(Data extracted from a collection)
=== Begin Enclosure ===

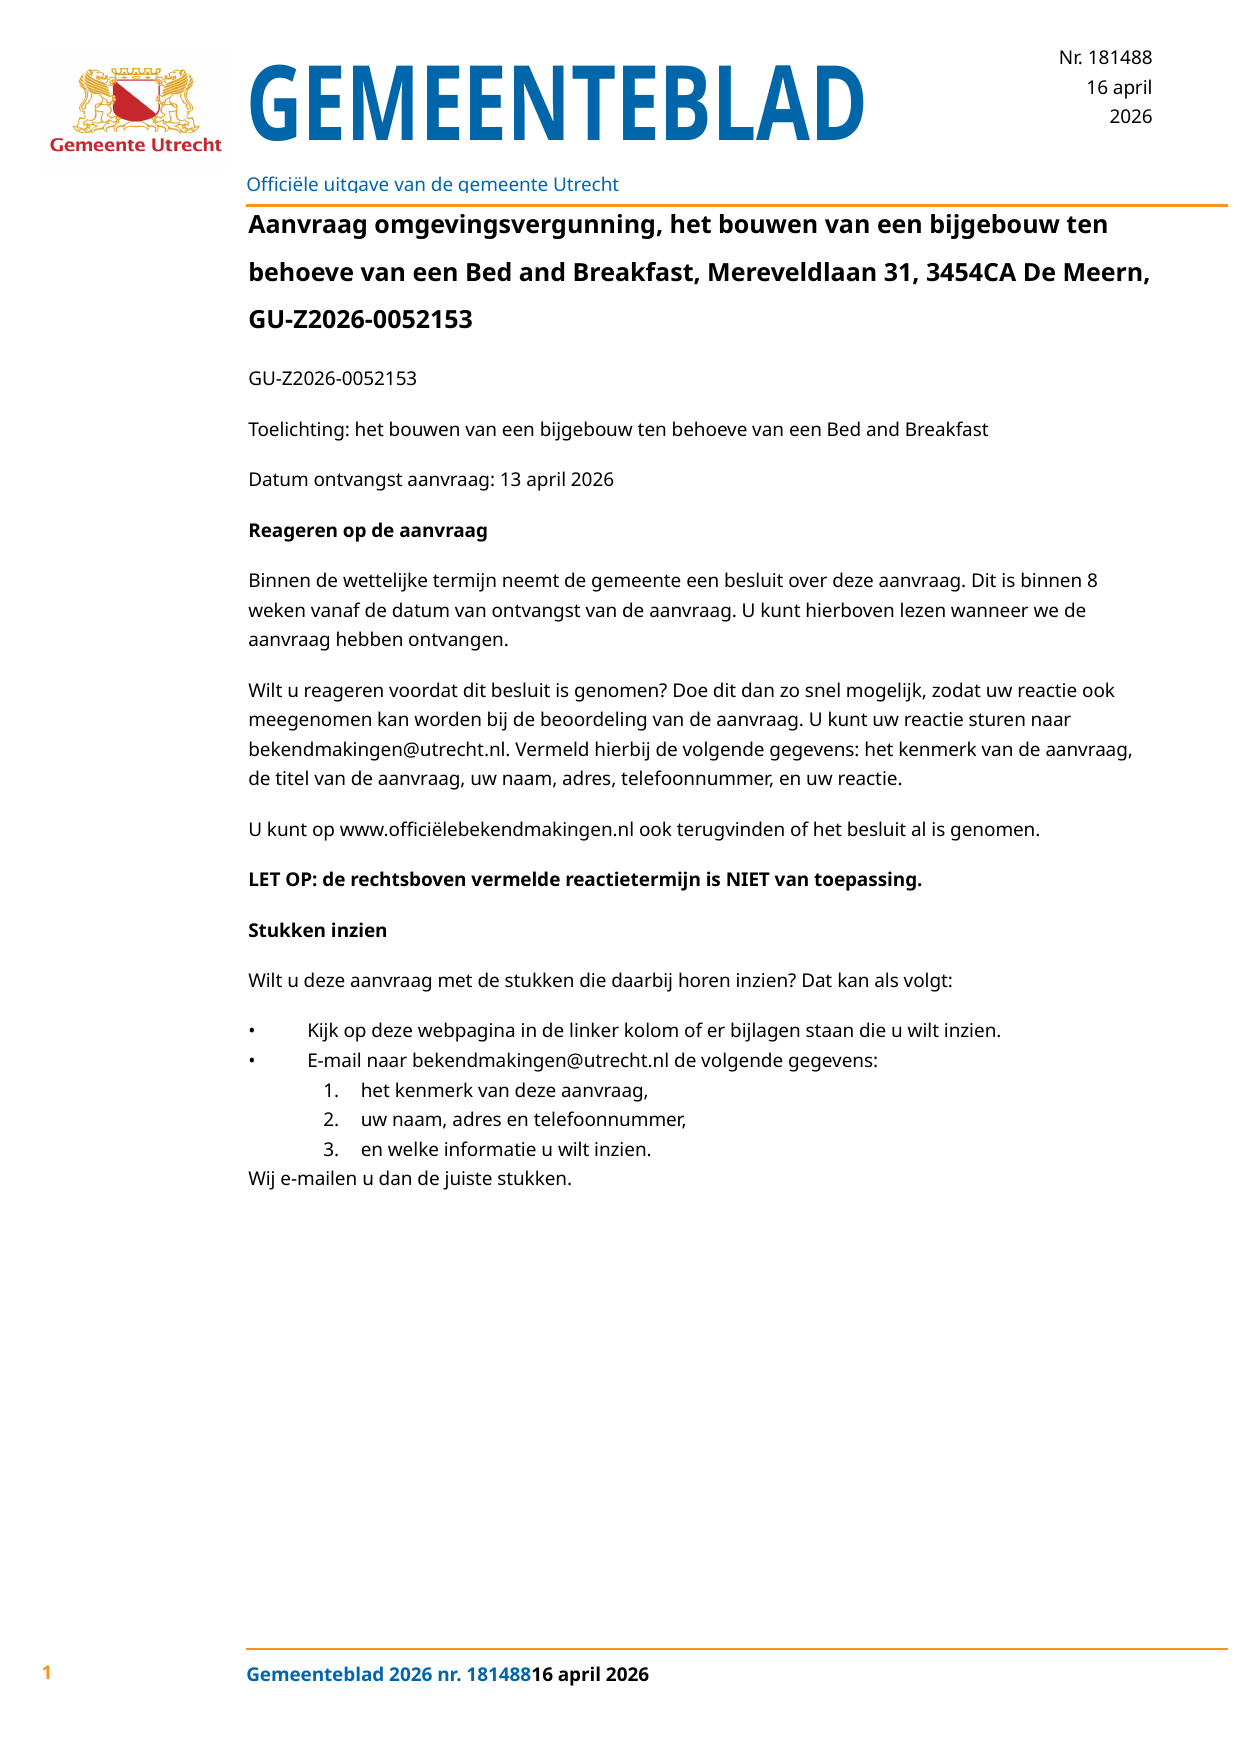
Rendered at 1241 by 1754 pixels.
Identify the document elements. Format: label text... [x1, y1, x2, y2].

picture [41, 47, 231, 172]
text Aanvraag omgevingsvergunning, het bouwen van een bijgebouw ten behoeve van een Bed and Breakfast, Mereveldlaan 31, 3454CA De Meern, GU-Z2026-0052153 [248, 207, 1152, 336]
text Datum ontvangst aanvraag: 13 april 2026 [248, 466, 1152, 492]
list Kijk op deze webpagina in de linker kolom of er bijlagen staan die u wilt inzien. [248, 1018, 1152, 1043]
list het kenmerk van deze aanvraag, [323, 1077, 1152, 1102]
text Binnen de wettelijke termijn neemt de gemeente een besluit over deze aanvraag. Dit is binnen 8 weken vanaf de datum van ontvangst van de aanvraag. U kunt hierboven lezen wanneer we de aanvraag hebben ontvangen. [248, 567, 1152, 652]
text U kunt op www.officiëlebekendmakingen.nl ook terugvinden of het besluit al is genomen. [248, 816, 1152, 842]
list E-mail naar bekendmakingen@utrecht.nl de volgende gegevens: [248, 1047, 1152, 1073]
text Wij e-mailen u dan de juiste stukken. [248, 1166, 1152, 1191]
text LET OP: de rechtsboven vermelde reactietermijn is NIET van toepassing. [248, 866, 1152, 892]
text Reageren op de aanvraag [248, 517, 1152, 542]
text Stukken inzien [248, 917, 1152, 942]
text Toelichting: het bouwen van een bijgebouw ten behoeve van een Bed and Breakfast [248, 416, 1152, 442]
list uw naam, adres en telefoonnummer, [323, 1106, 1152, 1132]
list en welke informatie u wilt inzien. [323, 1136, 1152, 1162]
text Wilt u deze aanvraag met de stukken die daarbij horen inzien? Dat kan als volgt: [248, 967, 1152, 993]
text Wilt u reageren voordat dit besluit is genomen? Doe dit dan zo snel mogelijk, zodat uw reactie ook meegenomen kan worden bij de beoordeling van de aanvraag. U kunt uw reactie sturen naar bekendmakingen@utrecht.nl. Vermeld hierbij de volgende gegevens: het kenmerk van de aanvraag, de titel van de aanvraag, uw naam, adres, telefoonnummer, en uw reactie. [248, 677, 1152, 791]
text GU-Z2026-0052153 [248, 366, 1152, 391]
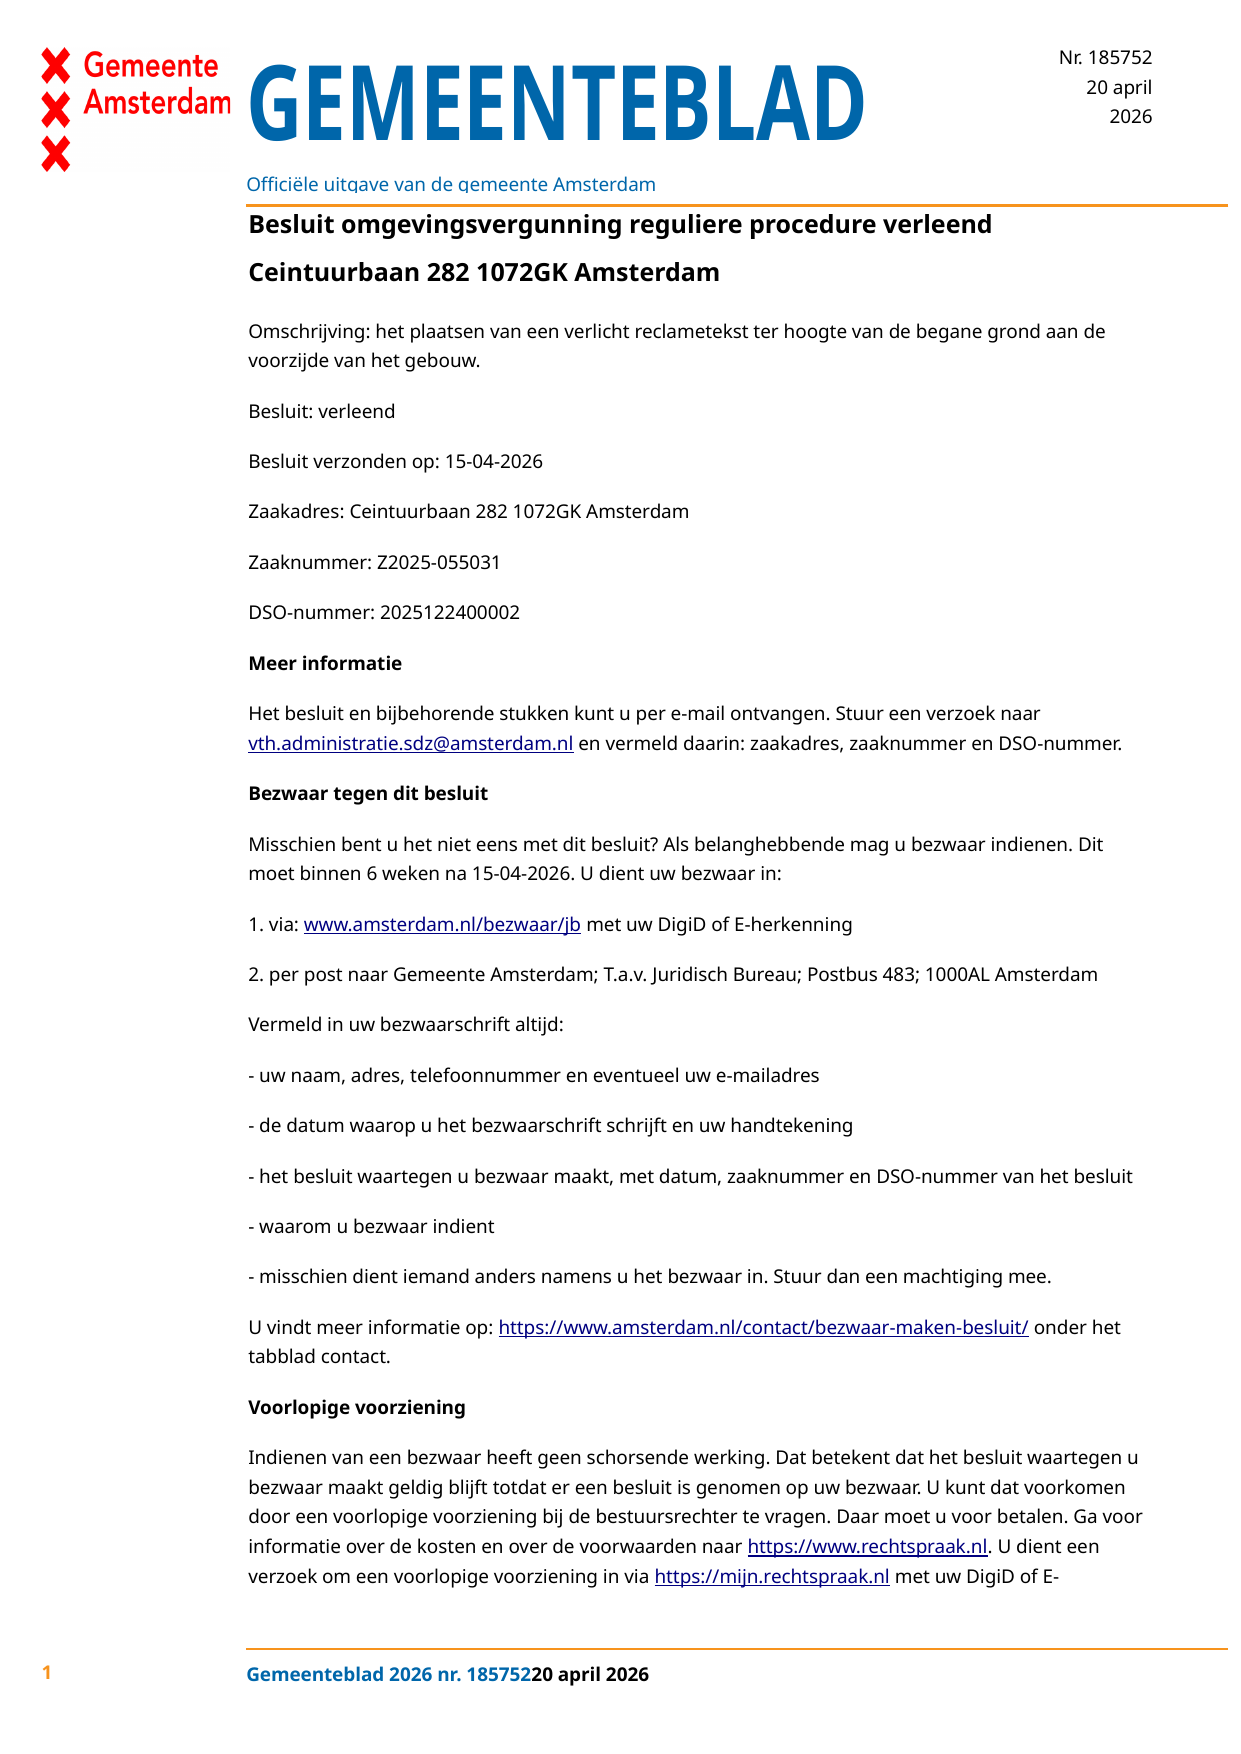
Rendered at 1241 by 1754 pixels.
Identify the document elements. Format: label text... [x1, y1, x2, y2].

text Het besluit en bijbehorende stukken kunt u per e-mail ontvangen. Stuur een verzoek naar vth.administratie.sdz@amsterdam.nl en vermeld daarin: zaakadres, zaaknummer en DSO-nummer. [248, 700, 1152, 756]
text - waarom u bezwaar indient [248, 1213, 1152, 1239]
text - uw naam, adres, telefoonnummer en eventueel uw e-mailadres [248, 1062, 1152, 1088]
text Bezwaar tegen dit besluit [248, 780, 1152, 806]
text Indienen van een bezwaar heeft geen schorsende werking. Dat betekent dat het besluit waartegen u bezwaar maakt geldig blijft totdat er een besluit is genomen op uw bezwaar. U kunt dat voorkomen door een voorlopige voorziening bij de bestuursrechter te vragen. Daar moet u voor betalen. Ga voor informatie over de kosten en over de voorwaarden naar https://www.rechtspraak.nl. U dient een verzoek om een voorlopige voorziening in via https://mijn.rechtspraak.nl met uw DigiD of E- [248, 1444, 1152, 1589]
text Zaaknummer: Z2025-055031 [248, 549, 1152, 575]
text - het besluit waartegen u bezwaar maakt, met datum, zaaknummer en DSO-nummer van het besluit [248, 1163, 1152, 1189]
picture [41, 47, 231, 172]
text Besluit: verleend [248, 398, 1152, 424]
text Besluit verzonden op: 15-04-2026 [248, 448, 1152, 474]
text Voorlopige voorziening [248, 1394, 1152, 1420]
text Meer informatie [248, 650, 1152, 676]
text Omschrijving: het plaatsen van een verlicht reclametekst ter hoogte van de begane grond aan de voorzijde van het gebouw. [248, 318, 1152, 373]
text 1. via: www.amsterdam.nl/bezwaar/jb met uw DigiD of E-herkenning [248, 911, 1152, 937]
text - de datum waarop u het bezwaarschrift schrijft en uw handtekening [248, 1112, 1152, 1138]
text Besluit omgevingsvergunning reguliere procedure verleend Ceintuurbaan 282 1072GK Amsterdam [248, 207, 1152, 288]
text Vermeld in uw bezwaarschrift altijd: [248, 1012, 1152, 1037]
text DSO-nummer: 2025122400002 [248, 599, 1152, 625]
text U vindt meer informatie op: https://www.amsterdam.nl/contact/bezwaar-maken-besluit/ onder het tabblad contact. [248, 1314, 1152, 1369]
text 2. per post naar Gemeente Amsterdam; T.a.v. Juridisch Bureau; Postbus 483; 1000AL Amsterdam [248, 961, 1152, 987]
text - misschien dient iemand anders namens u het bezwaar in. Stuur dan een machtiging mee. [248, 1264, 1152, 1289]
text Zaakadres: Ceintuurbaan 282 1072GK Amsterdam [248, 499, 1152, 524]
text Misschien bent u het niet eens met dit besluit? Als belanghebbende mag u bezwaar indienen. Dit moet binnen 6 weken na 15-04-2026. U dient uw bezwaar in: [248, 831, 1152, 886]

=== End Enclosure ===

■ The problem
The lines to reproduce run from the one above containing "text Wilt u deze" through the one containing "text 1. via: www.amsterdam.nl/bezwaar/jb". Copy them exactly and leave out all pictures.

■ Output for this task
text Wilt u deze aanvraag met de stukken die daarbij horen inzien? Dat kan als volgt: [248, 967, 1152, 993]
text Wilt u reageren voordat dit besluit is genomen? Doe dit dan zo snel mogelijk, zodat uw reactie ook meegenomen kan worden bij de beoordeling van de aanvraag. U kunt uw reactie sturen naar bekendmakingen@utrecht.nl. Vermeld hierbij de volgende gegevens: het kenmerk van de aanvraag, de titel van de aanvraag, uw naam, adres, telefoonnummer, en uw reactie. [248, 677, 1152, 791]
text GU-Z2026-0052153 [248, 366, 1152, 391]
Rendered at 1241 by 1754 pixels.
Identify the document elements. Format: label text... [x1, y1, x2, y2].

text Het besluit en bijbehorende stukken kunt u per e-mail ontvangen. Stuur een verzoek naar vth.administratie.sdz@amsterdam.nl en vermeld daarin: zaakadres, zaaknummer en DSO-nummer. [248, 700, 1152, 756]
text - waarom u bezwaar indient [248, 1213, 1152, 1239]
text - uw naam, adres, telefoonnummer en eventueel uw e-mailadres [248, 1062, 1152, 1088]
text Bezwaar tegen dit besluit [248, 780, 1152, 806]
text Indienen van een bezwaar heeft geen schorsende werking. Dat betekent dat het besluit waartegen u bezwaar maakt geldig blijft totdat er een besluit is genomen op uw bezwaar. U kunt dat voorkomen door een voorlopige voorziening bij de bestuursrechter te vragen. Daar moet u voor betalen. Ga voor informatie over de kosten en over de voorwaarden naar https://www.rechtspraak.nl. U dient een verzoek om een voorlopige voorziening in via https://mijn.rechtspraak.nl met uw DigiD of E- [248, 1444, 1152, 1589]
text Zaaknummer: Z2025-055031 [248, 549, 1152, 575]
text - het besluit waartegen u bezwaar maakt, met datum, zaaknummer en DSO-nummer van het besluit [248, 1163, 1152, 1189]
picture [41, 47, 231, 172]
text Besluit: verleend [248, 398, 1152, 424]
text Besluit verzonden op: 15-04-2026 [248, 448, 1152, 474]
text Voorlopige voorziening [248, 1394, 1152, 1420]
text Meer informatie [248, 650, 1152, 676]
text Omschrijving: het plaatsen van een verlicht reclametekst ter hoogte van de begane grond aan de voorzijde van het gebouw. [248, 318, 1152, 373]
text 1. via: www.amsterdam.nl/bezwaar/jb met uw DigiD of E-herkenning [248, 911, 1152, 937]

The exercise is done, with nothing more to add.